I recently moved into the area after fishing south east michigan tribs and lake erie for a long time. I currently run centerpins and spinning gear quite frequently and every so often I will throw a fly rod around for a while just for the charismatic qualities. If you had one technique to utlilize in NE michigan for steelhead, what would it be? The fish I have come across these past few months have been larger and much more intelligent than their lake erie cousins. 

Also, if you could do it all over again, what fly rod for steelies and atlantics would you choose?


----------



## Navydoc69 (Jan 24, 2021)

10ft 8wt fly rod with type IV 10-15ft sink tip. Love when a fresh cromer smashes a swinging fly.


----------



## Lamarsh (Aug 19, 2014)

I fly fish for them quite a bit. Sure, there are many days (maybe most) where floating bags or cranking hot n tots will do better, but I think overall with all the varying tactics available such as stripping streamers, swinging flies, indy rigs with nymphs, bottom bouncing, chuck n duck or tightlining, you can do well and have many options for many different presentations and fly patterns. It's fun to experiment with how versatile fly fishing tackle can be. 

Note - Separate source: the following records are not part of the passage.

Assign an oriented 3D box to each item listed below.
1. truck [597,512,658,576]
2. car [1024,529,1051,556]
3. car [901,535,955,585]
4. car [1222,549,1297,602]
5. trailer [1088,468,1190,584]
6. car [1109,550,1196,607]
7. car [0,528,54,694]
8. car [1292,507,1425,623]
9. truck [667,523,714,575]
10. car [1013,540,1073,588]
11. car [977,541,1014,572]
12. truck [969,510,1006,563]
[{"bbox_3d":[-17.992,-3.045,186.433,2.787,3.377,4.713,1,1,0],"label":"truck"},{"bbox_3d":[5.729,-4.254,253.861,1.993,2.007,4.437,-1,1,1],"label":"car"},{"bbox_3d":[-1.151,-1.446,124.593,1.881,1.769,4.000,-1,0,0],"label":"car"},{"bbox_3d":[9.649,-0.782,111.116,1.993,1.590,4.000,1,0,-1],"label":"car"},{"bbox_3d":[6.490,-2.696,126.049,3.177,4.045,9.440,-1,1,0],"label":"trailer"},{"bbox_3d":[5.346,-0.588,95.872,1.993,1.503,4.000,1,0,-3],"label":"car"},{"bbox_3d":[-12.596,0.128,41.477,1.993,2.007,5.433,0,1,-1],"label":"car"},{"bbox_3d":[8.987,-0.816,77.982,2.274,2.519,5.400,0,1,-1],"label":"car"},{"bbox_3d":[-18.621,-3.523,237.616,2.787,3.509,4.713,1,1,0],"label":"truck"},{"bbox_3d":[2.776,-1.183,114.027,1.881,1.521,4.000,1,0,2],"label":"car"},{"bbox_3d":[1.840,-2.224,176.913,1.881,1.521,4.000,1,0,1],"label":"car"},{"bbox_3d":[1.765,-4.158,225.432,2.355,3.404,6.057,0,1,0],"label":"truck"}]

As for people thumbing their noses at some methods as not being "fly fishing," who cares. I get that there is some argument that anything that is not fishing with a dry fly, unweighted nymph or classic streamer is not "fly fishing," but I could care less. In my personal opinion, fishing with a fly is fly fishing, and there are many sliding scales as to what can be called a fly. Sometimes I throw heavy flies I tied on a spinning rod. Am I fly fishing? Who knows, probably not, but who cares. Sometimes I use my fly rod with a spool full of mono and tight line a marabou jig that I tied. Is that fly fishing? Probably not, but it works and it's fun, so who cares. I have found floating stone flies I thought up and tied myself under a damn centerpin setup is more interesting than the guy that may be down stream of me giving the centerpin dirty looks thinking he's a purist using a 9' fly rod, fly line and some wooly buggers he bought from the store, but he just doesn't get the drift--pun intended. Some people just find fishing for anything watching a bobber to be boring, and only find fun watching a stripped or swung streamer, and that is totally understandable (because it really is awesome). 

Whatever you enjoy and you find to be productive presentations (and is legal) should be just fine with you, who cares what other people think. Lots of goof balls in the fly fishing world. 



GreatlakesCowboy said:


> Even the harrowing attempt at maybe even euro nymphing a steelhead from the dark depths?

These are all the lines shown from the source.